While 3D printing is quick and convenient, how do you overcome the poor precision tolerances of an additively manufactured attachment point? The answer lies in using an advanced manufacturing technique called captured metal 3D printing.

I was recently reminded of my grandfather’s basement workshop. It was primarily set up for woodworking with a bit of electrical and light metalworking for good measure. Growing up, I enjoyed spending time with him in the shop because it meant we’d work on a project together and he’d let me use the power tools. One of the lessons he taught me is that every tool has its job, and that sometimes it’s better to combine tools in creative or unconventional way rather than forcing a one-size-fits-all approach.
a captured nut within a carbon fiber thermoplastic 3D printed part. Arrows point to each component.

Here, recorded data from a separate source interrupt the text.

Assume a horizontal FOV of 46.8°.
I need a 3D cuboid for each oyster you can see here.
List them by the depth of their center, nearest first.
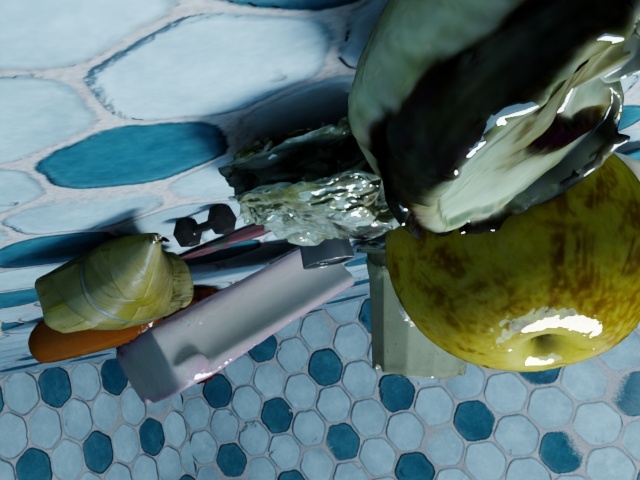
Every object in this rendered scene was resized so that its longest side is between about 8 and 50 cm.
[{"bbox_3d":[0.008,-0.050,0.713,0.199,0.112,0.268,-15,174,14],"label":"oyster"}]

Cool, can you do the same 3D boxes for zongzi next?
[{"bbox_3d":[-0.215,0.035,0.982,0.256,0.114,0.228,-32,166,33],"label":"zongzi"}]

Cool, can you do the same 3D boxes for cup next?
[{"bbox_3d":[0.000,0.000,1.108,0.078,0.077,0.100,-9,170,-24],"label":"cup"}]

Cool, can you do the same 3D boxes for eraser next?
[{"bbox_3d":[-0.152,0.140,1.293,0.359,0.122,0.272,-30,180,-33],"label":"eraser"}]

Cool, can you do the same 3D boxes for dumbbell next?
[{"bbox_3d":[-0.144,-0.018,0.924,0.083,0.035,0.040,-19,169,31],"label":"dumbbell"}]

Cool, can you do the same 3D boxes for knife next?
[{"bbox_3d":[-0.151,0.004,1.131,0.247,0.018,0.035,-17,174,40],"label":"knife"}]

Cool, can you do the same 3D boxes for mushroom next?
[{"bbox_3d":[0.131,-0.110,0.502,0.247,0.130,0.344,-42,164,18],"label":"mushroom"}]

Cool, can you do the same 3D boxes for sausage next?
[{"bbox_3d":[-0.464,0.181,1.510,0.349,0.097,0.094,-18,177,25],"label":"sausage"}]

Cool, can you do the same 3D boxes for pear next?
[{"bbox_3d":[0.204,0.002,0.780,0.281,0.280,0.280,-13,171,-2],"label":"pear"}]

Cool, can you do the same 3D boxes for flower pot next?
[{"bbox_3d":[0.206,0.133,1.475,0.291,0.258,0.290,2,180,0],"label":"flower pot"}]

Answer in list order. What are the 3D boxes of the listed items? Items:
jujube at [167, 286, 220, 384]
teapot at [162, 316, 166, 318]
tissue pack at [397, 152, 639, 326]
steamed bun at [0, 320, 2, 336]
[{"bbox_3d":[-0.267,0.199,1.643,0.217,0.216,0.342,-14,179,7],"label":"jujube"},{"bbox_3d":[-0.314,0.095,1.308,0.110,0.080,0.085,26,173,-1],"label":"teapot"},{"bbox_3d":[0.301,-0.023,1.094,0.390,0.195,0.376,-18,-177,31],"label":"tissue pack"},{"bbox_3d":[-0.597,0.161,1.179,0.183,0.106,0.183,-11,171,-2],"label":"steamed bun"}]
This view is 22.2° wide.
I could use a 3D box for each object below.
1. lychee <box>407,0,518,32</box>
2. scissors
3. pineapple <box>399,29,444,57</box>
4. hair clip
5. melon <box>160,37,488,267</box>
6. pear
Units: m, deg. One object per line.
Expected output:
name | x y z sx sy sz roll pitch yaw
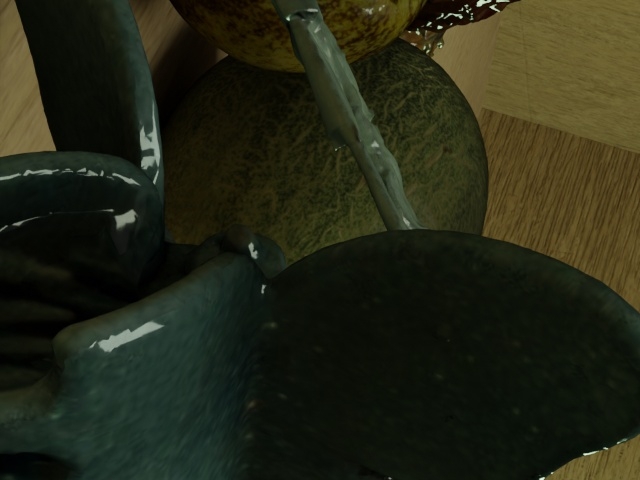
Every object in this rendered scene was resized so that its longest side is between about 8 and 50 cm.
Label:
lychee | 0.074 -0.287 1.197 0.260 0.260 0.261 17 90 -81
scissors | -0.021 -0.130 0.780 0.256 0.029 0.384 39 26 -80
pineapple | 0.034 -0.174 1.480 0.158 0.157 0.279 -63 174 -50
hair clip | -0.101 0.084 0.725 0.238 0.392 0.318 -35 152 -33
melon | -0.010 -0.016 1.166 0.329 0.248 0.249 -63 167 -44
pear | -0.003 -0.200 1.010 0.197 0.197 0.197 17 90 -81
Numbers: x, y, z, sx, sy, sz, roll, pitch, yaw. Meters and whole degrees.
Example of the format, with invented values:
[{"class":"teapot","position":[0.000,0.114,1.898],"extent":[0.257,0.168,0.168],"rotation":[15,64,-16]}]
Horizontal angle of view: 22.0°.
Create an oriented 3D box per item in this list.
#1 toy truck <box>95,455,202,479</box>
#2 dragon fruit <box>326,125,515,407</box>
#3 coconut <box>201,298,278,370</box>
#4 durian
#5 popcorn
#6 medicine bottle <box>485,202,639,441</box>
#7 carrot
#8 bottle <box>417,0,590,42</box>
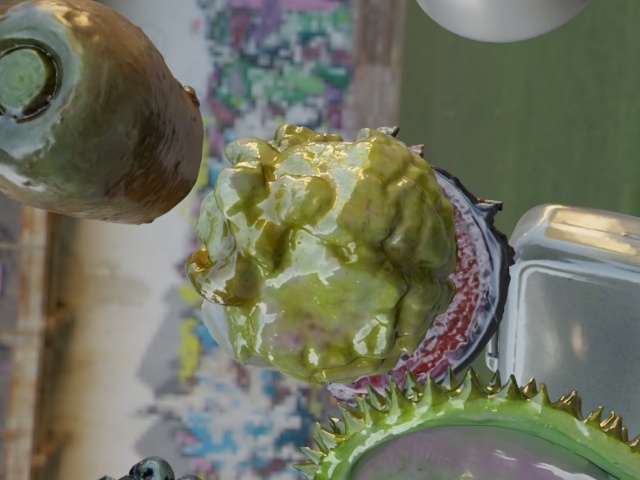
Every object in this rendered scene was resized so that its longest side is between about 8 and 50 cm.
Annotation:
[{"class":"toy truck","position":[-0.137,0.307,1.549],"extent":[0.108,0.256,0.140],"rotation":[-22,-50,-61]},{"class":"dragon fruit","position":[0.097,0.026,1.873],"extent":[0.100,0.282,0.344],"rotation":[-50,-49,-55]},{"class":"coconut","position":[-0.066,0.081,2.017],"extent":[0.161,0.161,0.162],"rotation":[95,-158,-44]},{"class":"durian","position":[0.152,0.197,1.162],"extent":[0.157,0.355,0.170],"rotation":[116,176,-69]},{"class":"popcorn","position":[0.000,0.000,1.458],"extent":[0.212,0.259,0.259],"rotation":[-84,-2,-60]},{"class":"medicine bottle","position":[0.353,0.123,2.097],"extent":[0.375,0.282,0.123],"rotation":[86,-158,-44]},{"class":"carrot","position":[-0.250,-0.129,1.738],"extent":[0.340,0.224,0.224],"rotation":[37,-125,-72]},{"class":"bottle","position":[0.107,-0.248,1.067],"extent":[0.236,0.147,0.148],"rotation":[61,-152,-60]}]
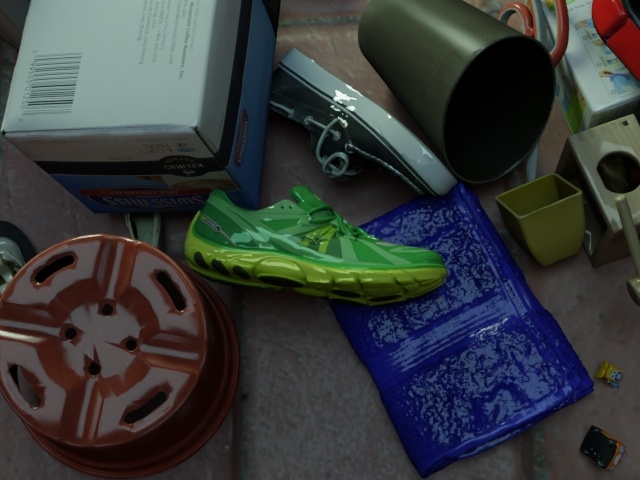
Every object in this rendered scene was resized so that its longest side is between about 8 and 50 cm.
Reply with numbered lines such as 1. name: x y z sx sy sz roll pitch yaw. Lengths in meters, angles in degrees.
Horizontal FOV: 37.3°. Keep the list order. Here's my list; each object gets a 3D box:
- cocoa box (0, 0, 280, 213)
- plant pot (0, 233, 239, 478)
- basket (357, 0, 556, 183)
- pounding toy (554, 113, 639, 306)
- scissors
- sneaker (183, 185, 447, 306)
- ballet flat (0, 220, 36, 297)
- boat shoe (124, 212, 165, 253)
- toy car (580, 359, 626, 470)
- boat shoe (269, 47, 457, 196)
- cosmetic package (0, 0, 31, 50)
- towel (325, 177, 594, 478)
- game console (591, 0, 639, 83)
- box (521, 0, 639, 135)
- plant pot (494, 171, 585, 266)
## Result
1. cocoa box: -0.191 -0.229 1.129 0.232 0.228 0.347 0 69 13
2. plant pot: -0.219 0.119 1.004 0.273 0.265 0.272 1 78 -6
3. basket: 0.153 -0.213 1.149 0.154 0.204 0.227 -25 49 -13
4. pounding toy: 0.358 -0.031 1.074 0.094 0.181 0.206 -19 70 -2
5. scissors: 0.265 -0.163 1.145 0.021 0.109 0.297 -1 82 -38
6. sneaker: 0.000 0.000 1.053 0.296 0.109 0.123 10 72 -2
7. ballet flat: -0.383 0.053 1.178 0.074 0.074 0.203 -24 69 -3
8. boat shoe: -0.226 -0.031 1.207 0.049 0.043 0.137 -14 68 3
9. toy car: 0.333 0.199 1.063 0.041 0.060 0.122 23 79 -20
10. boat shoe: 0.033 -0.125 1.163 0.306 0.113 0.105 41 94 28
11. cosmetic package: -0.396 -0.519 1.243 0.327 0.329 0.393 34 78 19
12. towel: 0.146 0.091 1.108 0.228 0.076 0.308 -27 70 -5
13. game console: 0.539 -0.222 1.128 0.387 0.060 0.342 -26 75 -26
14. box: 0.339 -0.233 1.184 0.103 0.114 0.203 -19 69 0
15. plant pot: 0.268 -0.020 1.128 0.082 0.081 0.083 -23 113 -2
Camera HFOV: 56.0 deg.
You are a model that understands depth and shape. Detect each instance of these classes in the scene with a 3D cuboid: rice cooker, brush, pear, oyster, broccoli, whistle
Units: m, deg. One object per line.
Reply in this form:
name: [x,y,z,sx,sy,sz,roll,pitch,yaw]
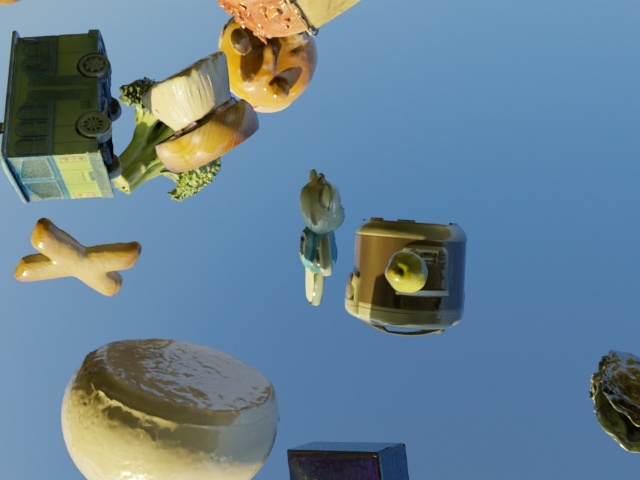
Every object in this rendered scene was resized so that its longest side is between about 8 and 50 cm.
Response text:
rice cooker: [0.241,0.104,1.676,0.335,0.335,0.325,6,-87,33]
brush: [-0.256,-0.234,1.162,0.267,0.166,0.174,-16,-156,41]
pear: [0.180,0.067,1.259,0.092,0.092,0.097,13,-160,37]
oyster: [0.643,0.319,1.236,0.162,0.351,0.158,38,-72,10]
broccoli: [-0.412,-0.261,1.641,0.249,0.375,0.302,0,-137,19]
whistle: [0.000,0.000,1.008,0.077,0.235,0.114,-6,-154,-19]

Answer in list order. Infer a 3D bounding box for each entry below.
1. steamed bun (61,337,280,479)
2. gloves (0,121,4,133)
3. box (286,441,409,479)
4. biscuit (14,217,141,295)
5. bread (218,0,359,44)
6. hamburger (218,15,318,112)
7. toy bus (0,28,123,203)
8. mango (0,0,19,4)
steamed bun: [-0.202,0.252,0.806,0.283,0.283,0.177,21,-82,40]
gloves: [-0.470,-0.279,0.734,0.141,0.331,0.154,-5,-173,-33]
box: [0.064,0.599,1.364,0.279,0.116,0.261,-16,-103,40]
biscuit: [-0.484,0.042,1.209,0.164,0.208,0.047,-53,-141,28]
bread: [-0.048,-0.383,0.804,0.212,0.142,0.224,-9,-111,19]
hamburger: [-0.135,-0.466,1.523,0.276,0.276,0.237,-31,-165,2]
toy bus: [-0.479,-0.236,1.124,0.190,0.152,0.312,-5,-118,-10]
mango: [-0.593,-0.531,1.172,0.089,0.115,0.165,25,-84,19]
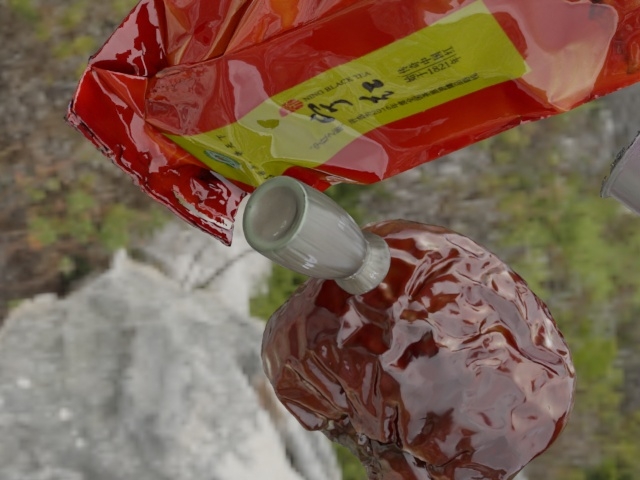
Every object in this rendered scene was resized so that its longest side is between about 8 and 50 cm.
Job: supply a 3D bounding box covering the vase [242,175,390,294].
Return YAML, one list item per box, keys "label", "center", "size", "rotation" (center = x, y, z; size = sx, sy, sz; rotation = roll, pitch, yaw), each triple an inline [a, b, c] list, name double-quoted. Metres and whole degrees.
- label: "vase"
  center: [0.000, 0.000, 1.051]
  size: [0.100, 0.053, 0.053]
  rotation: [30, 61, -48]

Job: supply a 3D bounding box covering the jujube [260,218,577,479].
- label: "jujube"
  center: [0.081, 0.099, 1.329]
  size: [0.232, 0.213, 0.213]
  rotation: [44, 41, 3]

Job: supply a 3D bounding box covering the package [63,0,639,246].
- label: "package"
  center: [0.043, -0.142, 1.149]
  size: [0.196, 0.423, 0.123]
  rotation: [43, 35, -41]

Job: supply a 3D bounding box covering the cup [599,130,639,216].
- label: "cup"
  center: [0.451, -0.028, 1.664]
  size: [0.288, 0.203, 0.203]
  rotation: [42, 35, 14]
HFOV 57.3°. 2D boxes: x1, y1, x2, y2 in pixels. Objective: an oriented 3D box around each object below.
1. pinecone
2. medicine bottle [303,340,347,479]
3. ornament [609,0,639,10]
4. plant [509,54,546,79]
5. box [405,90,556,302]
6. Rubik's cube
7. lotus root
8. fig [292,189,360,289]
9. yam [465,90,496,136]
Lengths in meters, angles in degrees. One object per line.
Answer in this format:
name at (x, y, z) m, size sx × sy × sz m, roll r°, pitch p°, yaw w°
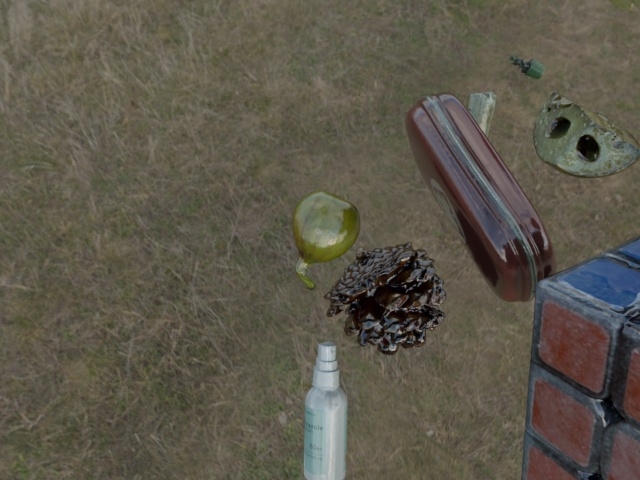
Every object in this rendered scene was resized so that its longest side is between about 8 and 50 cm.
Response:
pinecone at (0.161, 0.146, 1.418) m, size 0.298 × 0.296 × 0.242 m, roll -23°, pitch 44°, yaw 33°
medicine bottle at (0.014, 0.434, 1.492) m, size 0.110 × 0.110 × 0.351 m, roll 1°, pitch 96°, yaw 7°
ornament at (0.680, -0.588, 1.309) m, size 0.059 × 0.180 × 0.201 m, roll -41°, pitch 25°, yaw 15°
plant at (0.573, -0.488, 1.634) m, size 0.102 × 0.051 × 0.051 m, roll 27°, pitch 63°, yaw 4°
box at (0.273, -0.078, 1.040) m, size 0.108 × 0.263 × 0.403 m, roll -27°, pitch 60°, yaw 5°
Rubik's cube at (0.424, 0.176, 0.592) m, size 0.301 × 0.303 × 0.305 m, roll -18°, pitch 30°, yaw -24°
lotus root at (0.612, -0.227, 1.370) m, size 0.210 × 0.142 × 0.314 m, roll 29°, pitch 28°, yaw 1°
fig at (-0.008, -0.013, 1.211) m, size 0.142 × 0.148 × 0.186 m, roll 42°, pitch 84°, yaw 6°
yam at (0.475, -0.336, 1.816) m, size 0.093 × 0.093 × 0.259 m, roll 13°, pitch 93°, yaw 14°
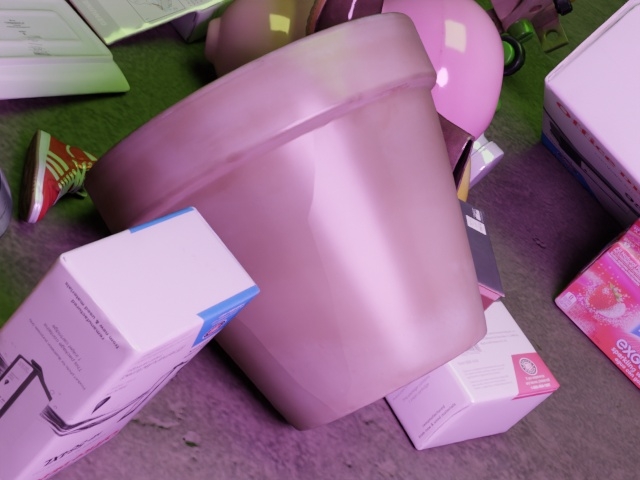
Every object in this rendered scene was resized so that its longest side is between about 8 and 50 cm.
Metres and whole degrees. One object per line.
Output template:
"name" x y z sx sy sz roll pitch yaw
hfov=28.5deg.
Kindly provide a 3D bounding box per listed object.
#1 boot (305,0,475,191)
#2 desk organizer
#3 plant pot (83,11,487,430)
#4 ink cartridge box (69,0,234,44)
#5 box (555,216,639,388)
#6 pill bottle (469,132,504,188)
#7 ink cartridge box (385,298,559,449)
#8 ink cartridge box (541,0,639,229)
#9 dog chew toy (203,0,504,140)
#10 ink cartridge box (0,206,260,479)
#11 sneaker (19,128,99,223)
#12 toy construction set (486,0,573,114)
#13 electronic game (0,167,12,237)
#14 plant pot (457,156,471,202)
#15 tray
"boot" 0.075 -0.148 1.264 0.207 0.248 0.090 31 26 30
"desk organizer" 0.140 0.018 1.257 0.047 0.050 0.130 25 34 -23
"plant pot" 0.000 0.000 1.104 0.323 0.323 0.280 -25 87 -57
"ink cartridge box" -0.231 -0.356 1.476 0.261 0.066 0.296 -30 72 -31
"box" 0.436 0.111 1.573 0.257 0.122 0.128 46 31 8
"pill bottle" 0.143 -0.151 1.593 0.184 0.103 0.103 48 32 9
"ink cartridge box" 0.115 0.091 1.276 0.159 0.092 0.217 0 52 -48
"ink cartridge box" 0.446 -0.124 1.680 0.285 0.166 0.395 49 2 11
"dog chew toy" 0.034 -0.203 1.434 0.332 0.206 0.206 8 39 -8
"ink cartridge box" -0.161 0.082 0.880 0.086 0.203 0.148 49 32 8
"sneaker" -0.229 -0.050 1.120 0.067 0.042 0.118 22 34 -23
"toy construction set" 0.243 -0.364 1.904 0.309 0.257 0.237 42 13 21
"electronic game" -0.350 -0.070 1.005 0.229 0.048 0.229 33 24 -17
"plant pot" 0.107 -0.041 1.417 0.134 0.134 0.095 8 72 -42
"tray" -0.298 -0.197 1.210 0.145 0.030 0.270 49 26 12
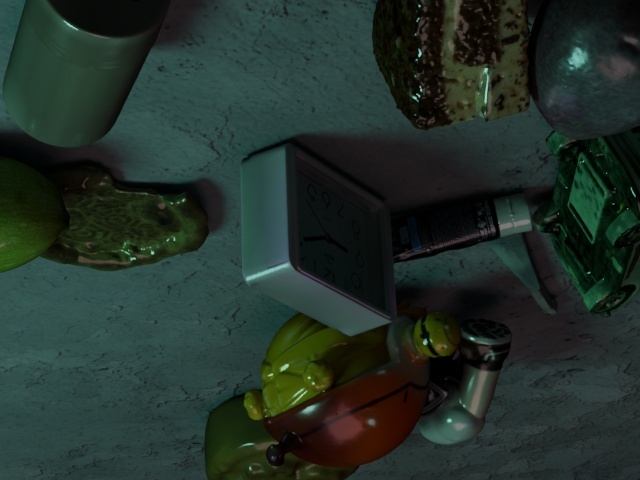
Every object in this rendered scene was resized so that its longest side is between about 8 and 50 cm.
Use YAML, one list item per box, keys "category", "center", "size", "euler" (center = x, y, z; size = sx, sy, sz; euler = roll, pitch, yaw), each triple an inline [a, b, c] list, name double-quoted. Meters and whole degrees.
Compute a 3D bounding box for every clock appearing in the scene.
- category: "clock"
  center: [0.000, 0.000, 1.575]
  size: [0.063, 0.150, 0.197]
  euler: [-19, 150, 31]

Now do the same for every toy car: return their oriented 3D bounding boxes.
- category: "toy car"
  center: [0.315, -0.035, 1.591]
  size: [0.125, 0.136, 0.306]
  euler: [-25, 155, -8]

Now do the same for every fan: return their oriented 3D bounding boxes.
- category: "fan"
  center: [0.240, 0.031, 1.821]
  size: [0.057, 0.023, 0.282]
  euler: [-15, 150, 15]

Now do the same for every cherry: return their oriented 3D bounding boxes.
- category: "cherry"
  center: [0.259, -0.168, 1.305]
  size: [0.176, 0.140, 0.176]
  euler: [-14, 158, -6]

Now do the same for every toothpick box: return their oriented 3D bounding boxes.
- category: "toothpick box"
  center: [-0.199, -0.167, 1.260]
  size: [0.111, 0.111, 0.180]
  euler: [5, 152, -19]

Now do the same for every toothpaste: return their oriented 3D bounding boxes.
- category: "toothpaste"
  center: [0.136, -0.014, 1.676]
  size: [0.193, 0.071, 0.045]
  euler: [-13, 138, 3]

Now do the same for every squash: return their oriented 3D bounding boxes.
- category: "squash"
  center: [-0.374, -0.025, 1.489]
  size: [0.247, 0.132, 0.132]
  euler: [-6, 153, -6]

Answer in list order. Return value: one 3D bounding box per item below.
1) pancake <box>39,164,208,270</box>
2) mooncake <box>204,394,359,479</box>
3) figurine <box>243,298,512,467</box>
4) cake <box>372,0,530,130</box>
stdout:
- category: "pancake"
  center: [-0.234, -0.019, 1.629]
  size: [0.235, 0.029, 0.212]
  euler: [8, 151, -21]
- category: "mooncake"
  center: [-0.067, 0.308, 2.202]
  size: [0.235, 0.117, 0.235]
  euler: [-7, 153, -4]
- category: "figurine"
  center: [0.059, 0.183, 1.889]
  size: [0.323, 0.196, 0.320]
  euler: [0, 160, -32]
- category: "cake"
  center: [0.107, -0.229, 1.273]
  size: [0.112, 0.135, 0.246]
  euler: [-12, 125, -12]

Additive manufacturing with metal parts

At Multiscale Systems, we do a lot of advanced manufacturing, especially the use of 3D printing with carbon fiber reinforced thermoplastics. 3D printing is a great tool for prototyping and small-batch manufacturing, but it’s important to acknowledge both its strengths and weaknesses. One downside is that achieving high precision dimensional tolerances with 3D printed parts is difficult, time consuming, and ultimately not the best use of the technology.

Let’s say you need to include an attachment point to a 3D printed part, an often necessary addition. Sometimes a through-hole isn’t sufficient, so you might consider adding threads to the 3D model and printing the part fully pre-threaded. Doable, but difficult to get right without a lot of trial and error on a per-part basis.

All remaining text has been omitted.